Machado estabelece em sua novela uma discussão sobre a relevância da ciência na vida do cidadão comum, a partir da iniciativa de um sábio que, da ciência, tudo sabe, mas que não tem absolutamente nenhuma empatia pela vida humana, que classifica com a mesma impessoalidade que dedicaria a um objeto qualquer. A Bacamarte importa apenas a pesquisa, pois ele tem completa convicção da relevância científica, acima de todas as coisas. Logo de saída, Machado nos conta, por exemplo, como Bacamarte selecionou sua própria esposa, considerando principalmente as qualidades físicas adequadas a uma boa procriação. Apesar da lógica perfeita, Bacamarte morreu sem filhos. Deste modo, vemos em "O alienista" a descrença de Machado na ciência e nos cientistas em especial.
Da mesma forma, o autor não economiza na crítica ao sistema governo. Os políticos eleitos comportam-se de forma fisiológica, apoiando ou opondo-se conforme as conveniências de momento. Saem de cena ao primeiro sinal de problemas e aqueles que lhe tomam o lugar, antes muito determinados, mudam imediatamente o discurso, continuando no mesmo modelo fisiológico de seus antecessores.
Muito espertamente, Machado defendeu-se de possíveis críticas na medida em que estabeleceu que toda a história do manicômio de Bacamarte em Itaguaí aconteceu muito tempo antes, possivelmente no período colonial. Mas está claro que não se trata de um épico: o autor refere-se de fato a gente de seu próprio tempo, que não deixa de ser válido ainda nos nosso dias.

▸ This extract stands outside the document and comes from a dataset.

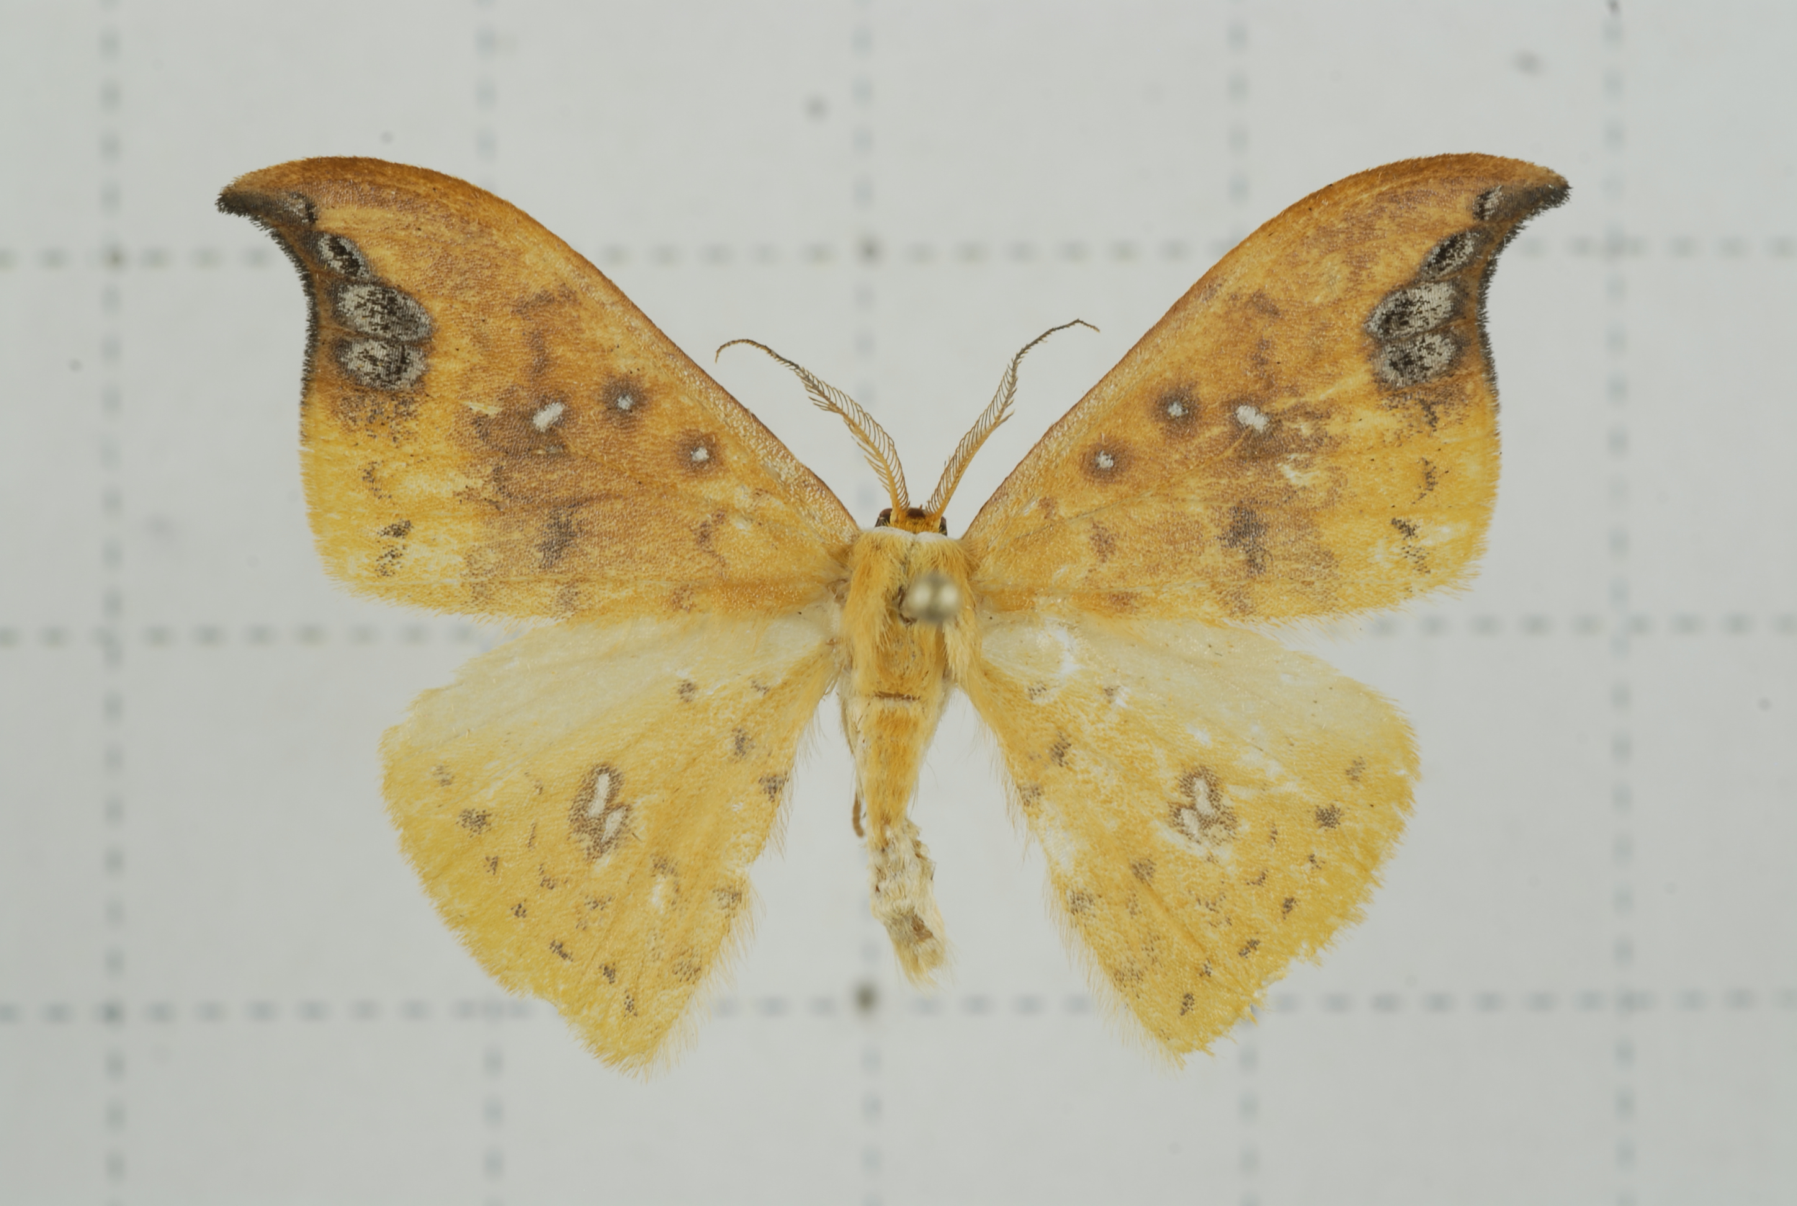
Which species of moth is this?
Tridrepana unispina

Há hoje uma confiança maior nas boas intenções da ciência devido à presença massiva da tecnologia na vida das pessoas, especialmente nas grandes cidades, mas ainda é escopo importante da ficção científica antecipar os descaminhos de decisões tecnocratas e cientificistas. Neste aspecto, Machado estava sintonizado com o futuro do gênero, enquanto em seu tempo a ficção científica, ainda sem esse nome, era palco de fantasias e aventuras científicas positivistas, e assim continuaria por muito tempo.

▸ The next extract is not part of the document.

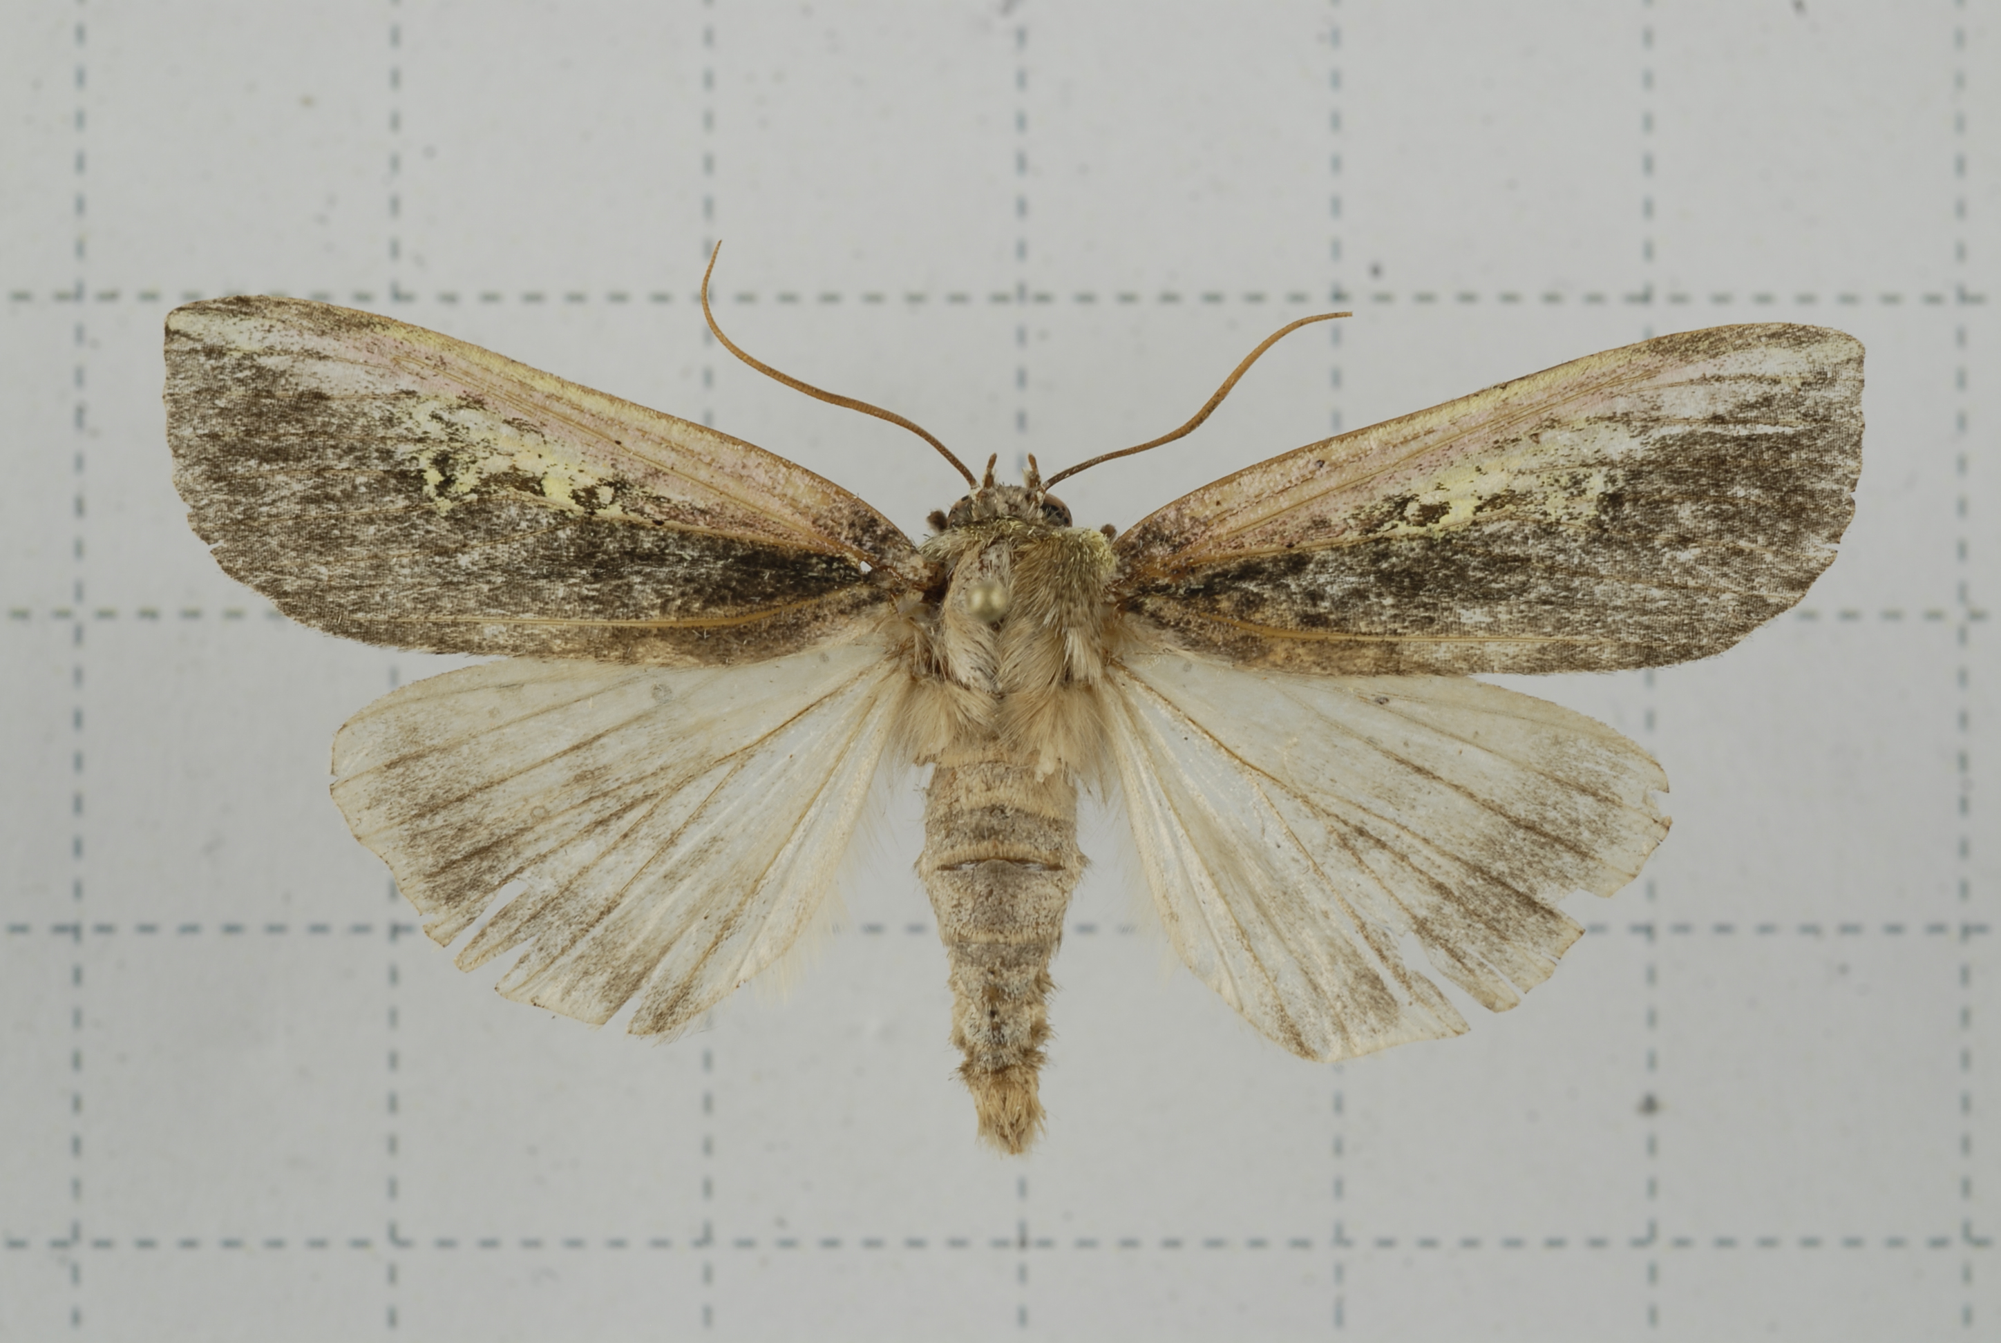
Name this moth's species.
Tethea oberthueri taiwana

Seria um exagero tratar Machado de Assis como um autor de ficção científica, isso ele definitivamente não foi. Seus textos eram muito variados e atendiam públicos diferentes em diversas categorias editoriais. Portanto, não é de se admirar que, em alguns momentos, tenha enviezado por esse gênero ainda nacituro, por simples sorte — ou azar, como devem pensar muitos. Contudo, não há como negar que "O alienista", uma de suas novelas mais conhecidas e características, tenha diversos pontos de contato com a ficção científica. Com certeza, um material que merece ser revisitado pela crítica acadêmica.